Title: Neuro-LIFT: A Neuromorphic, LLM-based Interactive Framework for Autonomous Drone FlighT at the Edge Show Chinese title

Title: Neuro-LIFT：一种基于神经形态和大语言模型的边缘自主无人机飞行交互框架

Abstract: The integration of human-intuitive interactions into autonomous systems has been limited. Traditional Natural Language Processing (NLP) systems struggle with context and intent understanding, severely restricting human-robot interaction. Recent advancements in Large Language Models (LLMs) have transformed this dynamic, allowing for intuitive and high-level communication through speech and text, and bridging the gap between human commands and robotic actions. Additionally, autonomous navigation has emerged as a central focus in robotics research, with artificial intelligence (AI) increasingly being leveraged to enhance these systems. However, existing AI-based navigation algorithms face significant challenges in latency-critical tasks where rapid decision-making is critical.
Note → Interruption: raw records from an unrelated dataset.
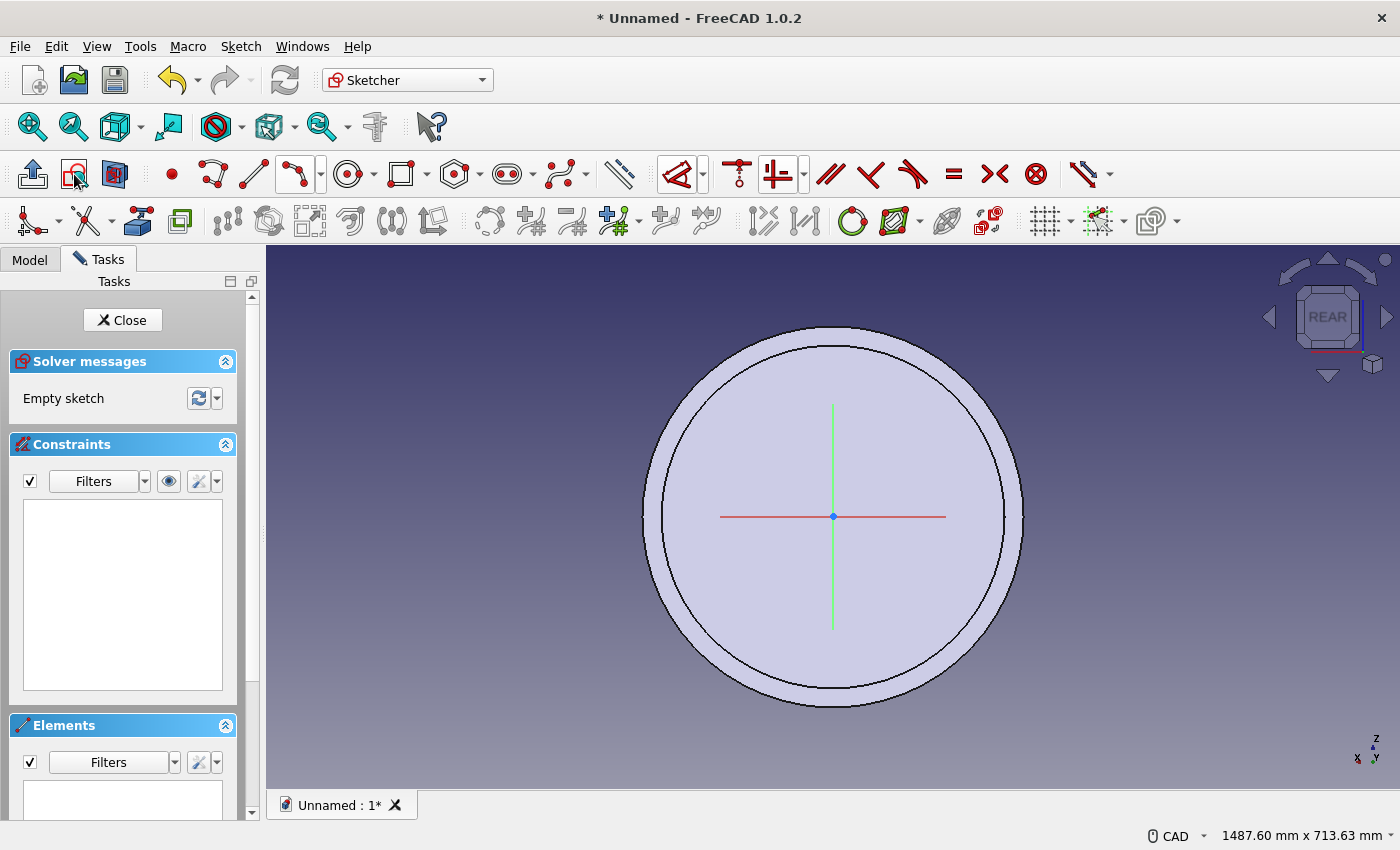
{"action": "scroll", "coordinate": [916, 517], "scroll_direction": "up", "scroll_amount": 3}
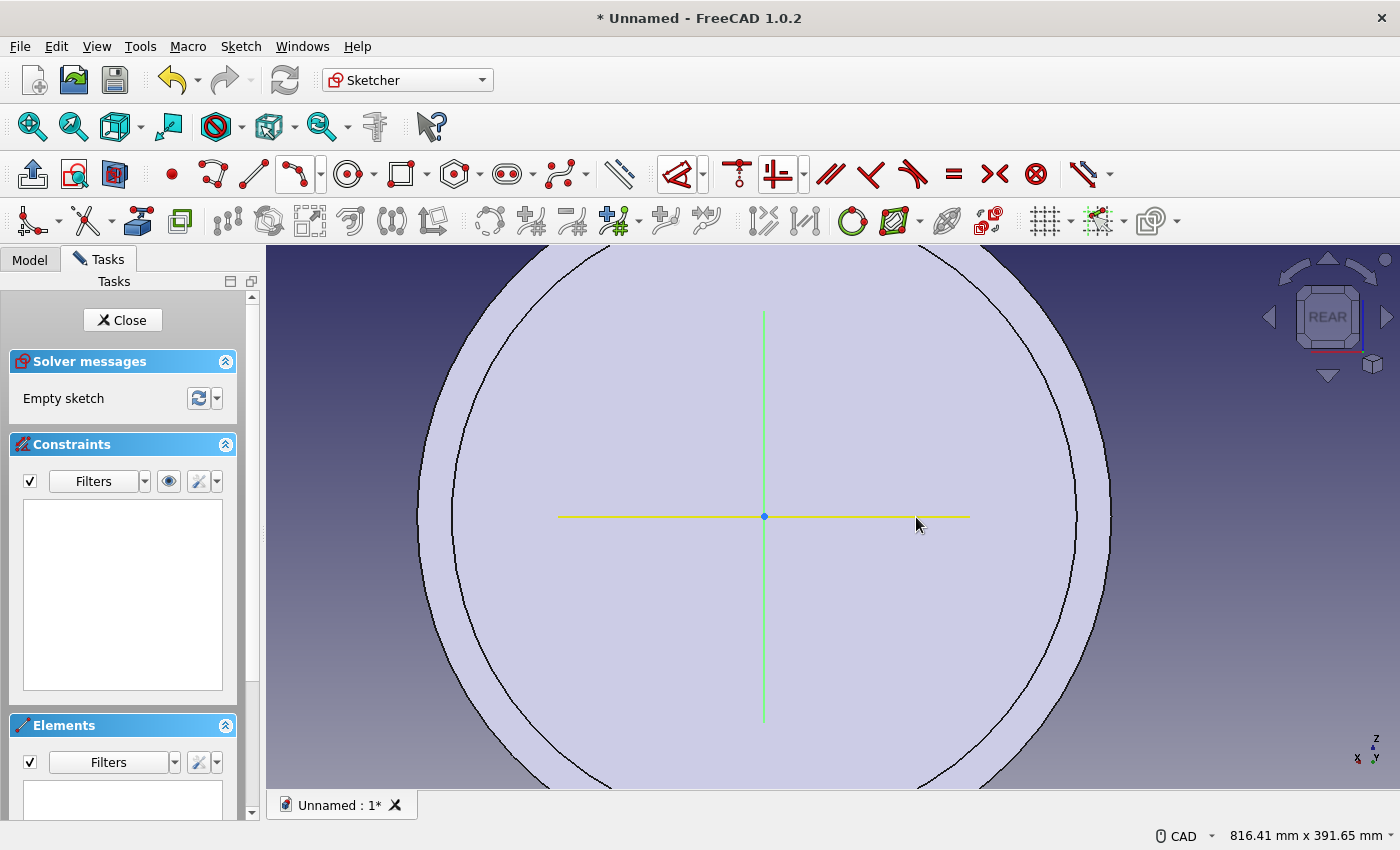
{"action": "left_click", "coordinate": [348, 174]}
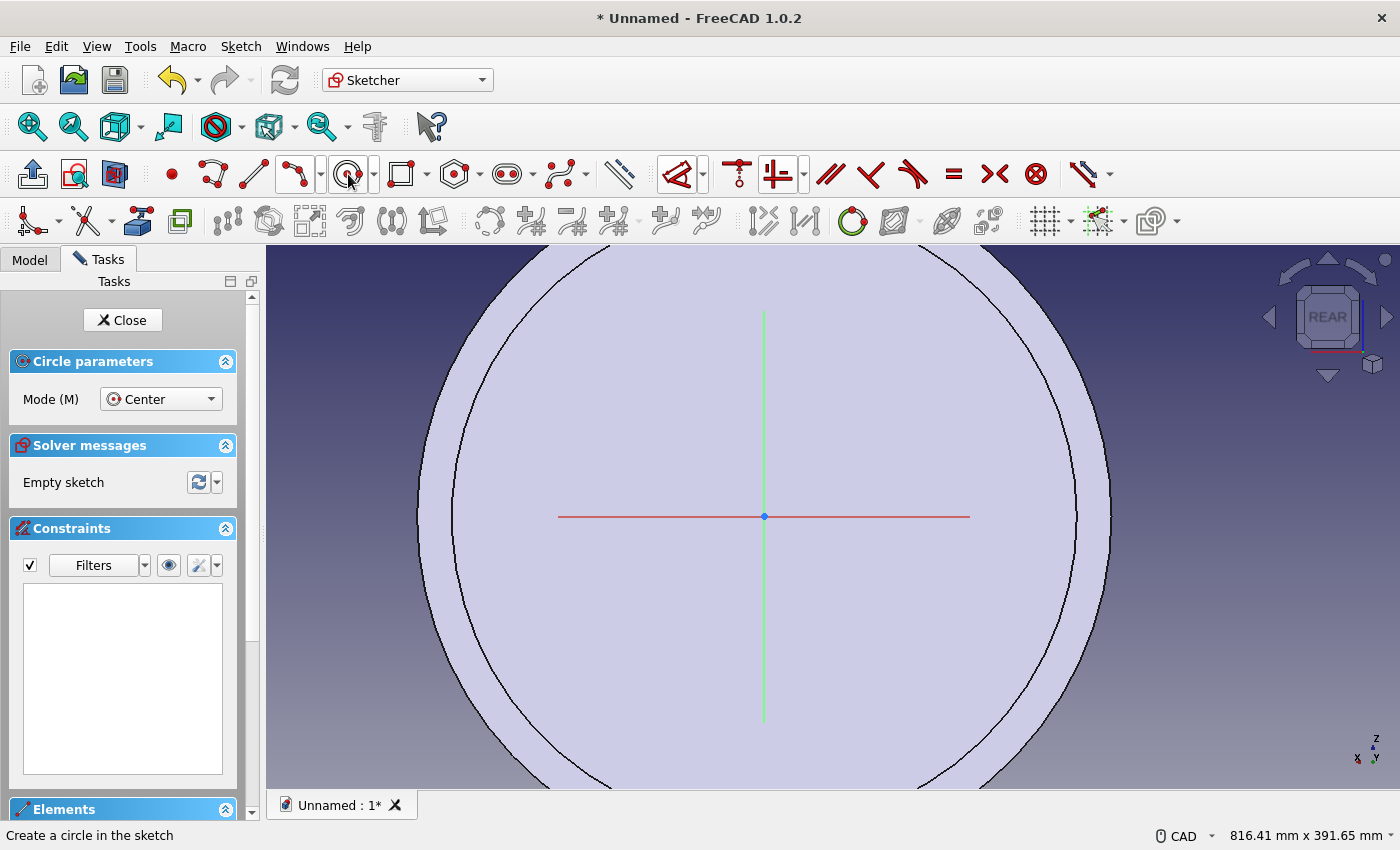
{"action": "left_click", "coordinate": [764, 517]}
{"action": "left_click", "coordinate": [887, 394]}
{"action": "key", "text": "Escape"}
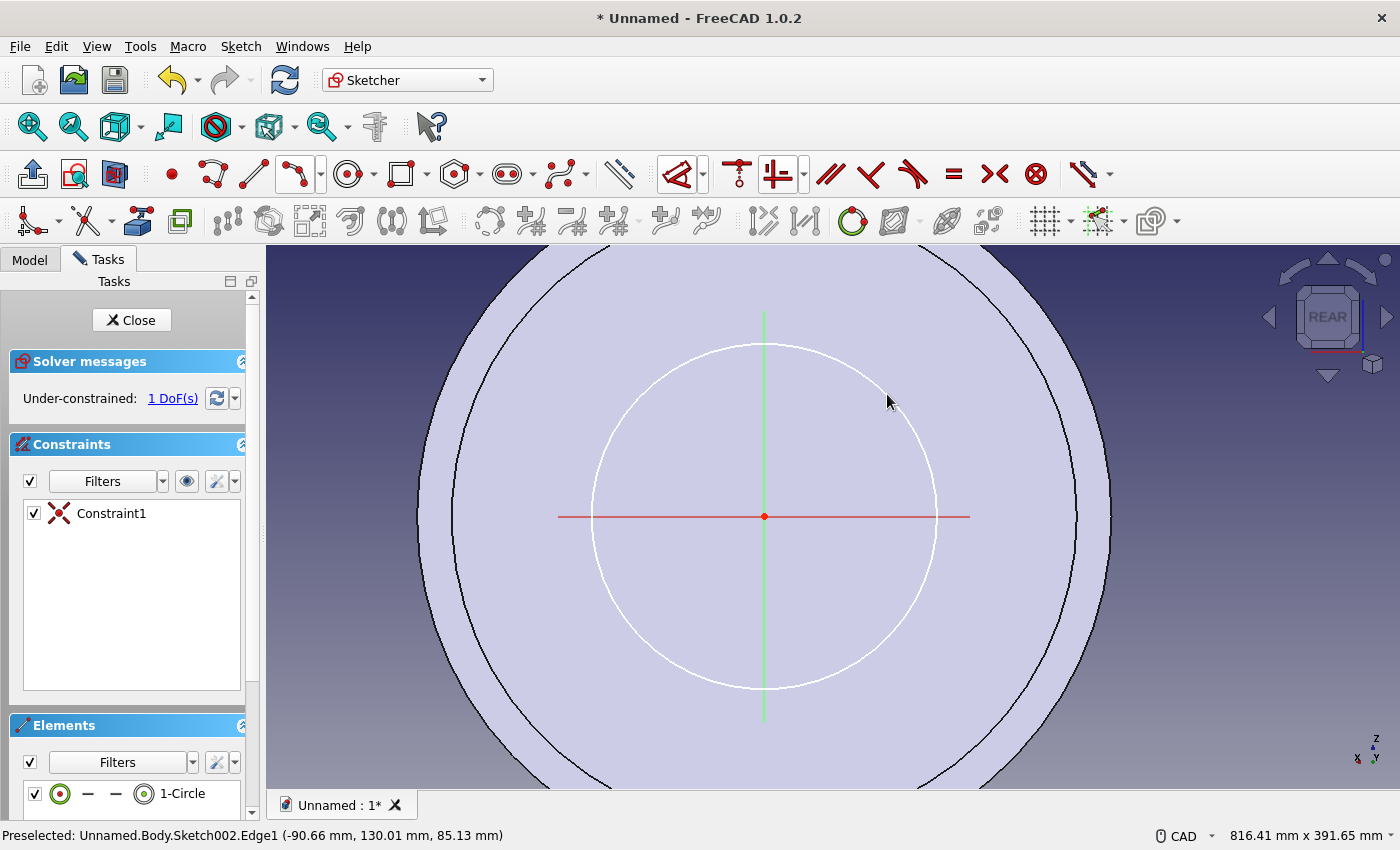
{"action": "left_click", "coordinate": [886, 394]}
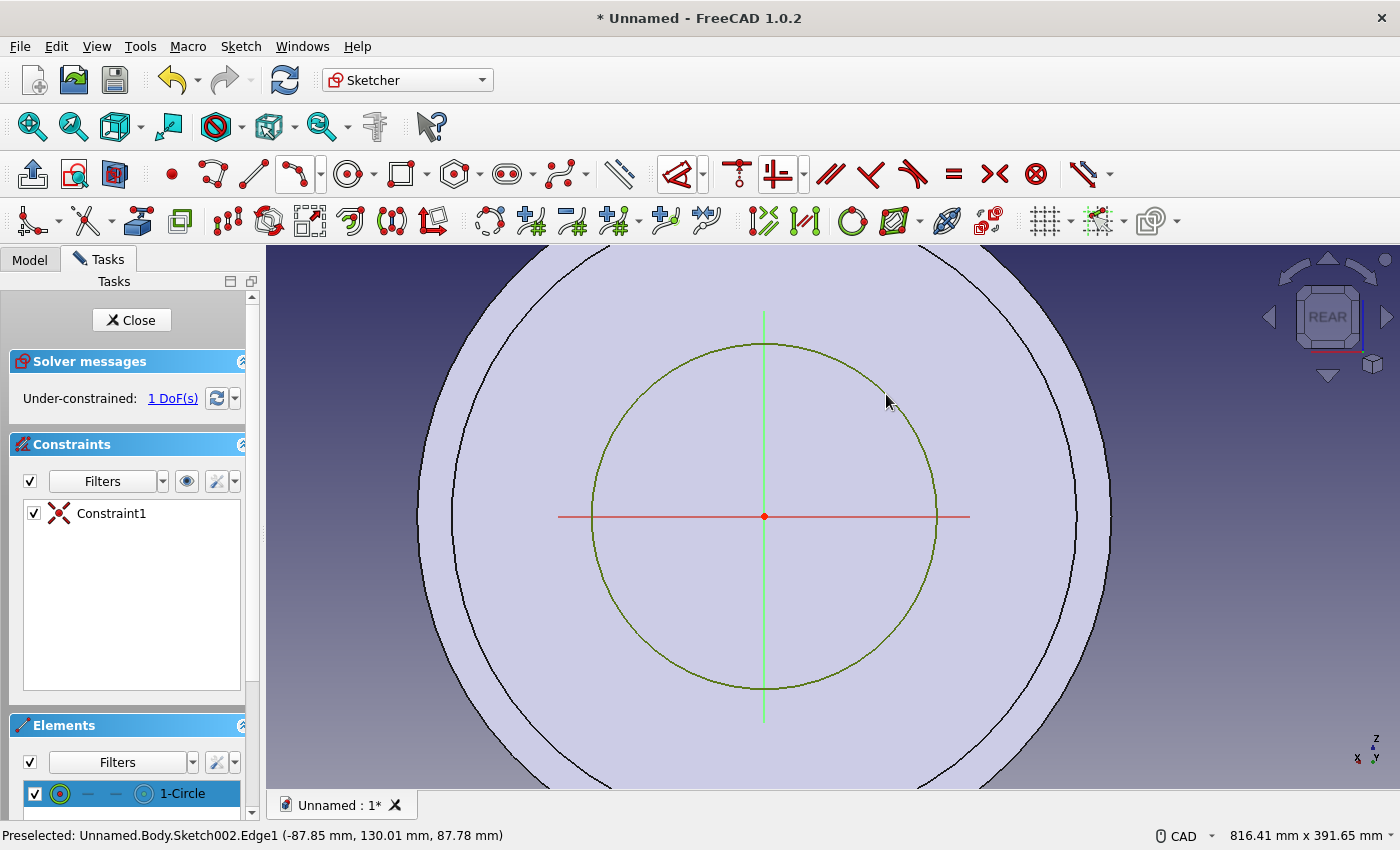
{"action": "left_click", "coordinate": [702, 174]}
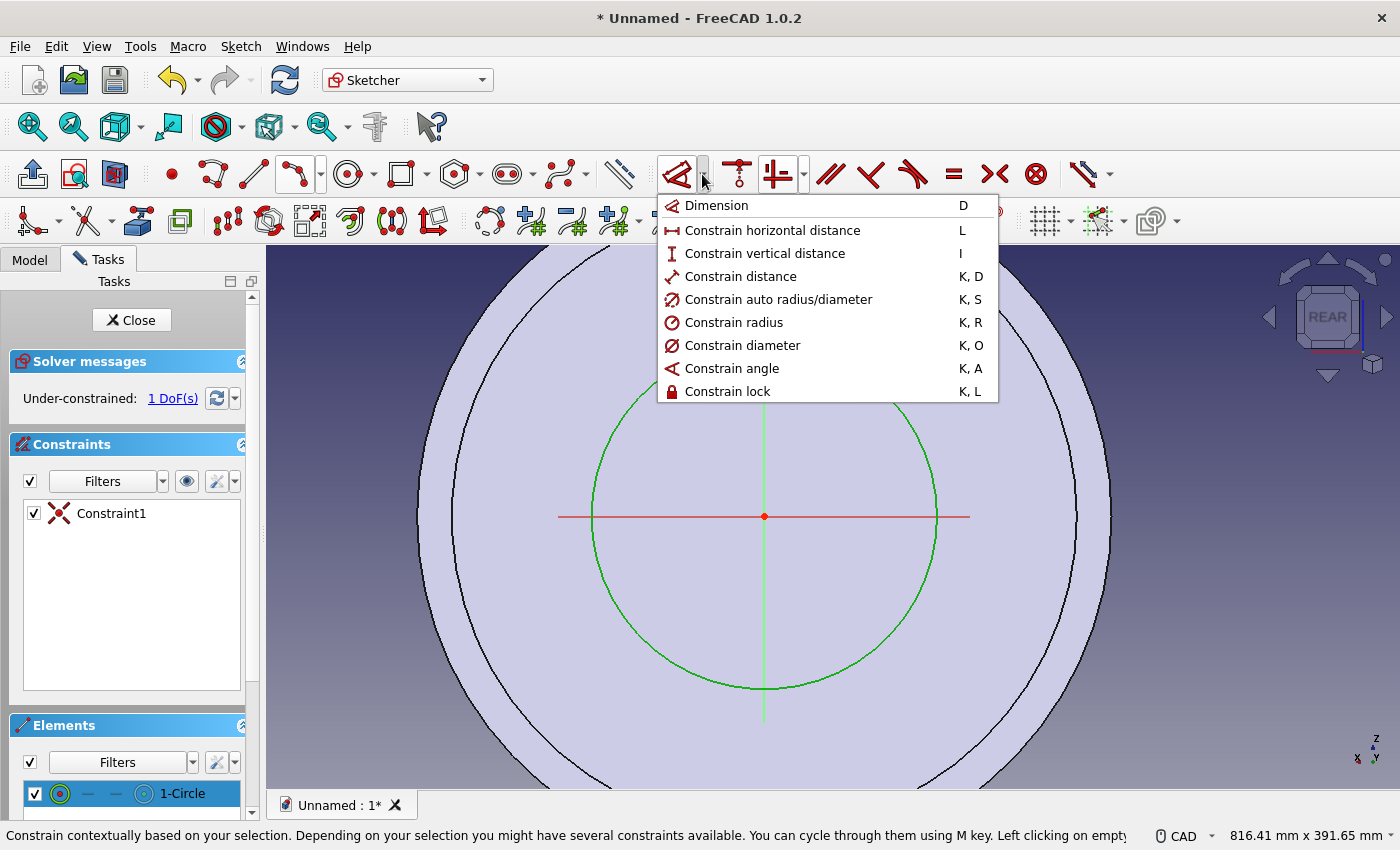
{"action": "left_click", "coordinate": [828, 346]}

Traditional frame-based vision systems, while effective for high-level decision-making, suffer from high energy consumption and latency, limiting their applicability in real-time scenarios. Neuromorphic vision systems, combining event-based cameras and spiking neural networks (SNNs), offer a promising alternative by enabling energy-efficient, low-latency navigation. Despite their potential, real-world implementations of these systems, particularly on physical platforms such as drones, remain scarce. In this work, we present Neuro-LIFT, a real-time neuromorphic navigation framework implemented on a Parrot Bebop2 quadrotor. Leveraging an LLM for natural language processing, Neuro-LIFT translates human speech into high-level planning commands which are then autonomously executed using event-based neuromorphic vision and physics-driven planning. Our framework demonstrates its capabilities in navigating in a dynamic environment, avoiding obstacles, and adapting to human instructions in real-time. Show Chinese abstract

Abstract: 将人类直觉交互整合到自主系统中的尝试一直受到限制。传统的自然语言处理（NLP）系统在上下文理解和意图识别方面存在困难，严重制约了人机交互的发展。近期大型语言模型（LLM）的进步改变了这一局面，通过语音和文本实现了直观且高层次的交流，弥合了人类命令与机器人操作之间的鸿沟。此外，自主导航已成为机器人研究的核心领域，人工智能（AI）被越来越多地用于提升这些系统的性能。 然而，现有的基于AI的导航算法在需要快速决策的任务中面临显著挑战。虽然传统帧率视觉系统在高级决策方面有效，但它们能耗高、延迟长，限制了其在实时场景中的应用。而类脑视觉系统结合事件驱动相机和尖峰神经网络（SNN），通过实现高效节能、低延迟的导航提供了一种有前景的替代方案。尽管具有潜力，但这些系统的实际部署，特别是在无人机等物理平台上的部署仍然很少见。 在这项工作中，我们提出了Neuro-LIFT，一个基于Parrot Bebop2四轴飞行器的实时类脑导航框架。利用LLM进行自然语言处理，Neuro-LIFT将人类语音转化为高层规划指令，并通过事件驱动的类脑视觉以及基于物理的规划来自动执行这些指令。我们的框架展示了其在动态环境中导航、避障以及实时响应人类指令的能力。